Going a step further, in order to enhance the production of ethanol, the government allowed sugar mills to convert heavy molasses (which can be converted easily into sugar) into ethanol and then allowed mills to produce ethanol directly from sugarcane. As these measures would lead to a drop in sugar production, the government allowed an increase in ethanol prices to compensate the mills. In the fiscal 2020 sugar season, 8 lakh tonnes of what would have been sugar output was converted in ethanol. In the sugar season 2020- 21, it was estimated at 20 lakh tonnes. Interestingly, the plan is to convert the entire sugar surplus - accounting for around 60 lakh tonnes - into ethanol in the next 2- 3 years. Incidentally, this will save the government a lot on account of sugar export subsidy. Thus, the sugar industry has turned jubilant as its days of financial difficulties are largely over as it has started earning substantially from the sale of ethanol.

BLENDING TARGET

In fiscal 2021, the first ethanol blending target of 5 per cent was met, which went up to around 8 per cent in the sugar season 2022. The government has set a target of 20 per cent to be achieved by 2030.

Now, the latest development is that the government has decided to advance the ethanol blending target of 20 per cent blending of ethanol with petrol from 2030 to 2025. The decision will promote production of biofuels in the country under the 'Make in India' programme by units located in special economic zones (SEZ) and export oriented units (EoUs). New members will now be added to the National Biofuel Coordination Committee as per a government statement. The amendment also allows granting of permission for export of biofuels in specific cases.

The National Policy on Biofuels, 2018, was notified by the petroleum ministry on June 4, 2018, in supersession of the National Policy on Biofuels promulgated through the Ministry of New & Renewable Energy in 2009.

The statement said amendments have been brought about due to advancements in the field of biofuels, various decisions taken in the National Biofuel Coordination Committee (NBCC) meetings to increase biofuel production and recommendations of the standing committee, and the decision to advance introduction of ethanol-blended petrol with up to 20 per cent ethanol throughout the country from April 1, 2023.

THE SPIN-OFFS

The move will foster development of indigenous technologies which will pave the way for the 'Make in India' drive and thereby generate more employment, according to the government.

The amendments are expected to reduce import of petroleum products with the generation of more biofuels. Since many more feedstocks are being allowed for production of biofuels, it would help India achieve its aim of 'energy independence' by 2047, the statement said.

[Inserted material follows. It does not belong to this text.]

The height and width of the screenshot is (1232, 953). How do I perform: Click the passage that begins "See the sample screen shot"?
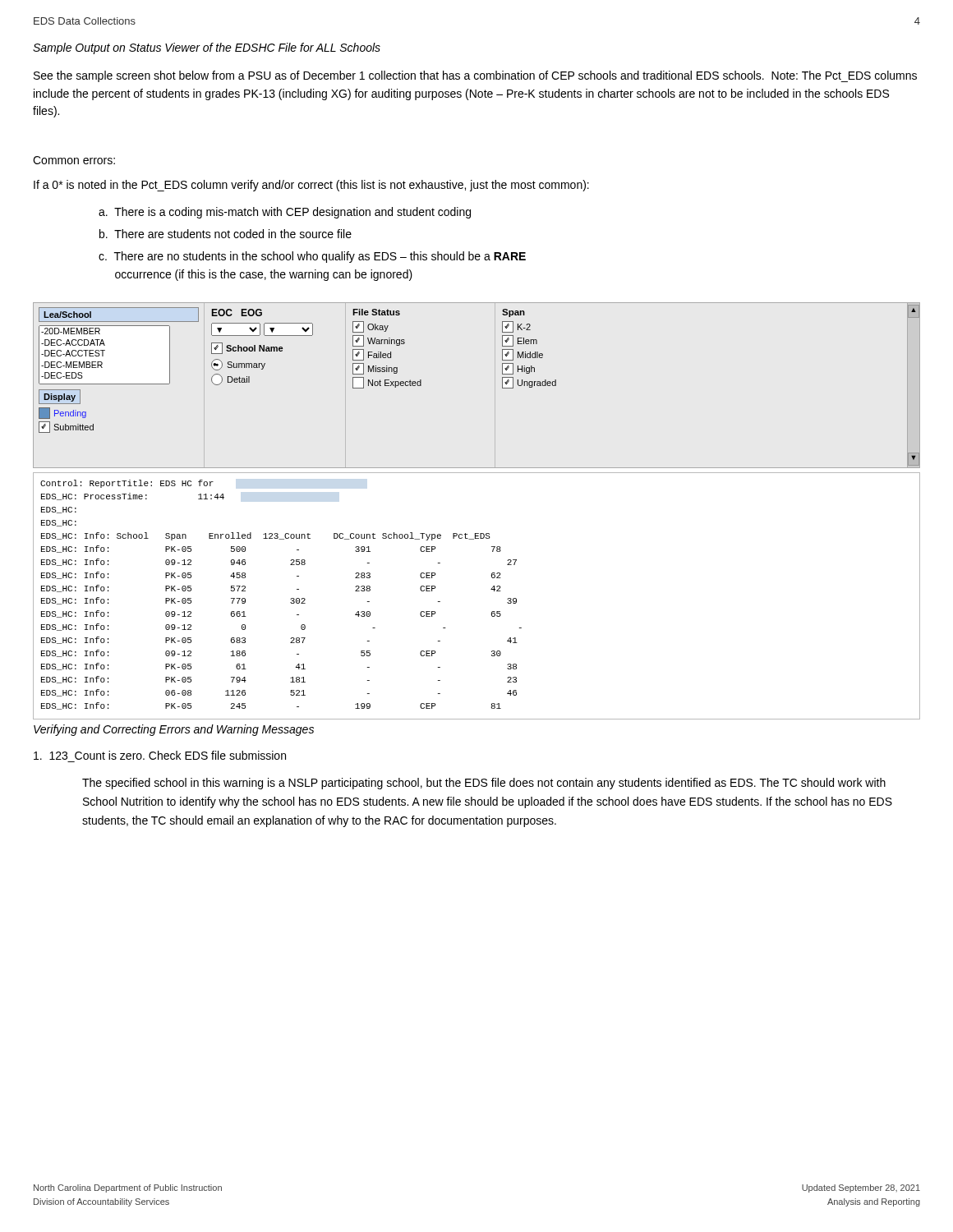475,93
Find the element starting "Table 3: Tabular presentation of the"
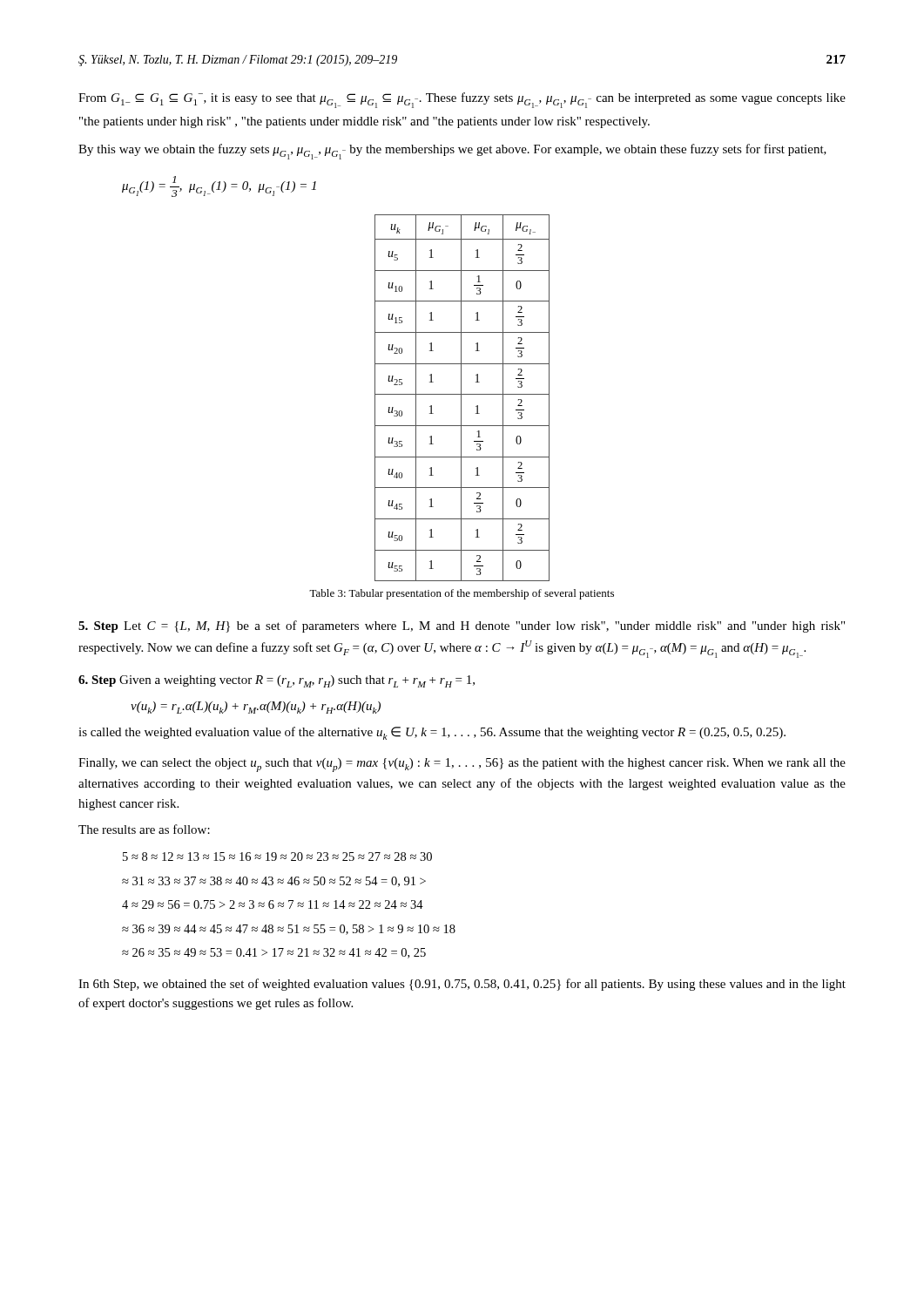The height and width of the screenshot is (1307, 924). point(462,593)

With increased production and sale of ethanol and rising demand for sugar, sugar companies have started doing very well on the financial front. What is more, sugar stocks which had been friendless all these years have started seeing keen interest among the investing public.

With growing investor interest, sugar stocks have started stealing the limelight. Here are five sugar stocks worth buying by discerning investors:

Balrampur Chini

FACE VALUE:  01
CMP:  404.50
52 WEEK HIGH /LOW:  525/294

The UP-based Balrampur Chini Mills is among the top three sugar companies in the country with a capacity of 75,500 tonnes of cane crushed per day. The company also has a large distillery and cogeneration operations of 320 kilo litres per day and 126 MW power. This makes it less vulnerable to falling sugar prices.

The company can boast of one of the strongest balance sheets in the sector with an enviable debt-equity ratio of 0.63. Huge capacity, strong management, a healthy balance sheet, low debt and an attractive valuation (available around 16 PE ratio) make this stock worth buying for attractive returns.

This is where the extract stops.